Orada bulunan CHP’li vekil ve aynı zamanda genel başkan yardımcısı olan zat görevlerini nezaketle yapan polislere, “Tayyip’in uşakları! Haysiyetsizler! Şerefsizler!” diye ağır hakaretlerde bulunur.
Bir vekilin dokunulmazlık zırhına bürünerek ettiği bu laflar gerçekte nasıl bir kişiliğe sahip olduğunu gösterir sadece.
İşin gerçeği bu iken sanki CHP adayı yanındaki vekil ile uçmak isterken VIP’ten Vali talimatıyla engellenmiş algısı oluşturmak yalanın dışında ahlaksızca bir algı operasyonudur.
***
Bir yandan yalan-dolan, öbür taraftan mağduriyet maskesi!
Hepsine eşlik eden kibir, küstahlık ve şımarıklık!

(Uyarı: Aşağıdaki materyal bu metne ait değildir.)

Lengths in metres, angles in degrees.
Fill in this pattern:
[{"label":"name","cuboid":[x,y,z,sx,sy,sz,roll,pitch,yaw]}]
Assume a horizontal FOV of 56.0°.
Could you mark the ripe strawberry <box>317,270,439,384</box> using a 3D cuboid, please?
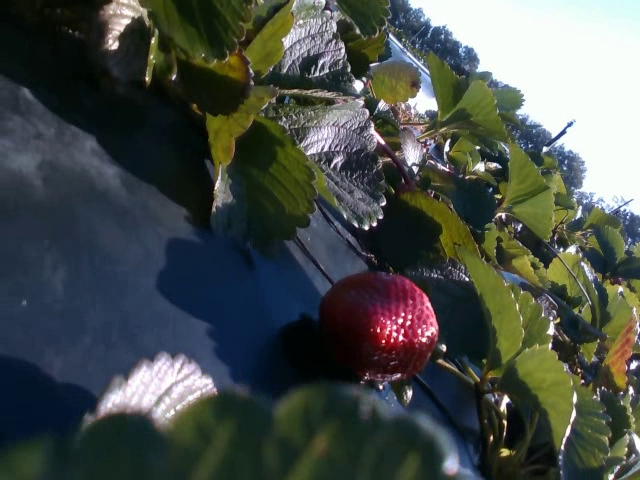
[{"label":"ripe strawberry","cuboid":[0.016,0.028,0.187,0.044,0.042,0.055,2,-8,19]}]
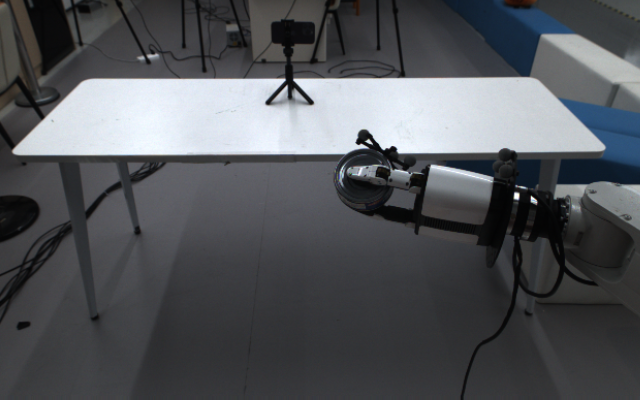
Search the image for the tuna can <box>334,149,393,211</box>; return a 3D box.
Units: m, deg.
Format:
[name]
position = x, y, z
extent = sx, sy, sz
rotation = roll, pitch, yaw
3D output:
[tuna can]
position = 0.066, -0.024, 0.686
extent = 0.085, 0.034, 0.085
rotation = -4, 69, 10
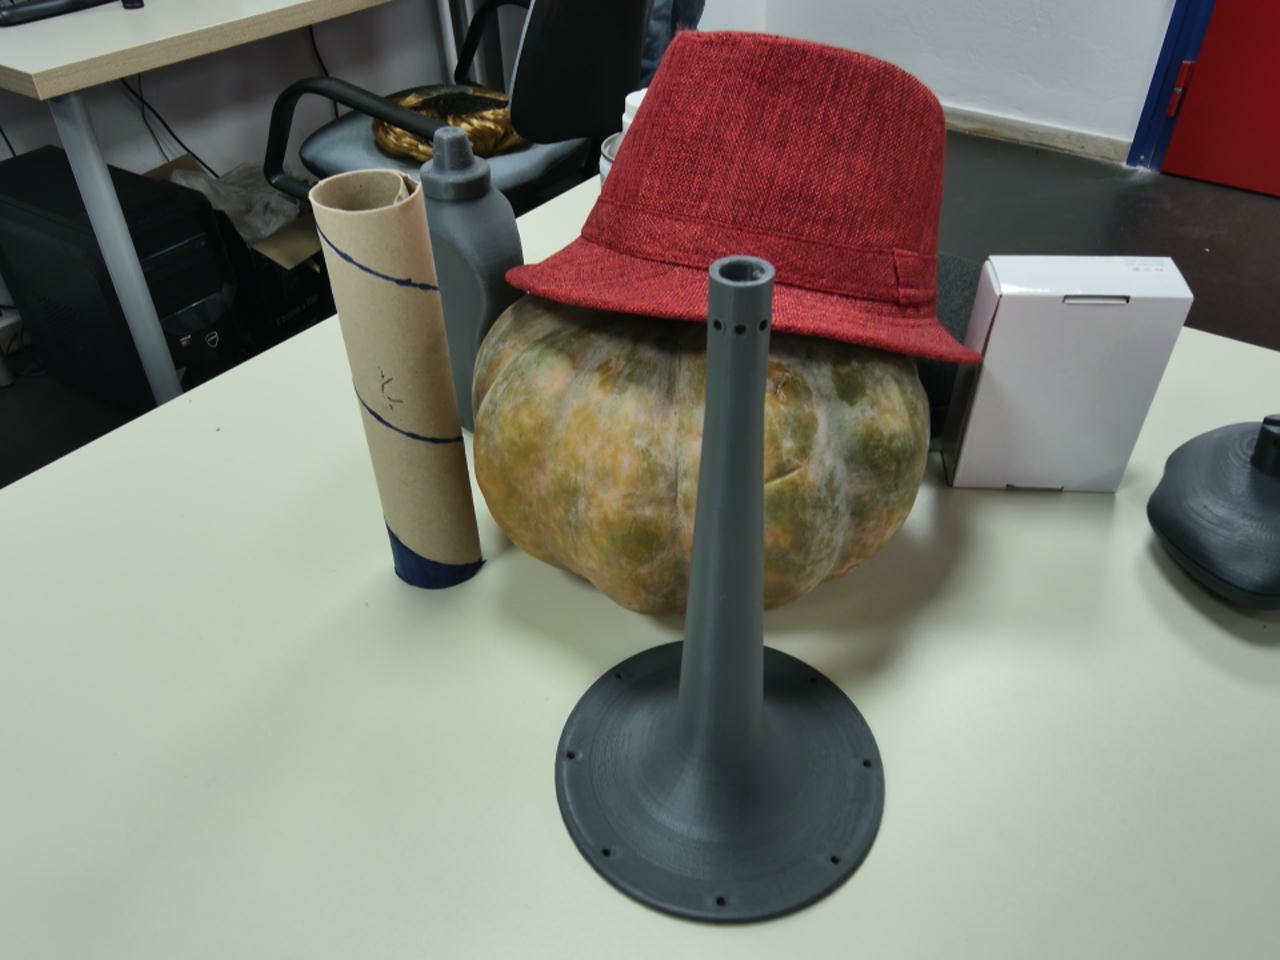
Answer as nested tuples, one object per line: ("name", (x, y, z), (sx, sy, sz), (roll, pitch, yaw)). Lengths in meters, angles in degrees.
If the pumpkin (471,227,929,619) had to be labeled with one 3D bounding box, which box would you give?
("pumpkin", (0.029, -0.037, 0.538), (0.252, 0.169, 0.251), (0, 38, 0))

O birileri de kalkıp şunu diyorlar utanmadan: “Ee ne var yani VIP’ten uçmalarına izin verilseydi de bu sorun yaşanmasaydı! Üstleri aranmadan geçip gitmelerine göz yumulsaydı ne olurdu yani!”
Herkes için geçerli olan kuralların o birileri için geçersiz sayılmasını savunmak ne yaman bir çelişki, ne acıklı bir utançtır!
Bir de herkes için eşitlik derler lafa gelince.
Olayda dahli olmayan Ordu valisini yalanla hedef tahtasına oturtmak ayrı bir ahlaksızlık örneğidir.
Kendini doğuştan imtiyazlı addeden bu CHP zihniyetlinin bir de güç-kuvvet makamında olduğunu düşünün!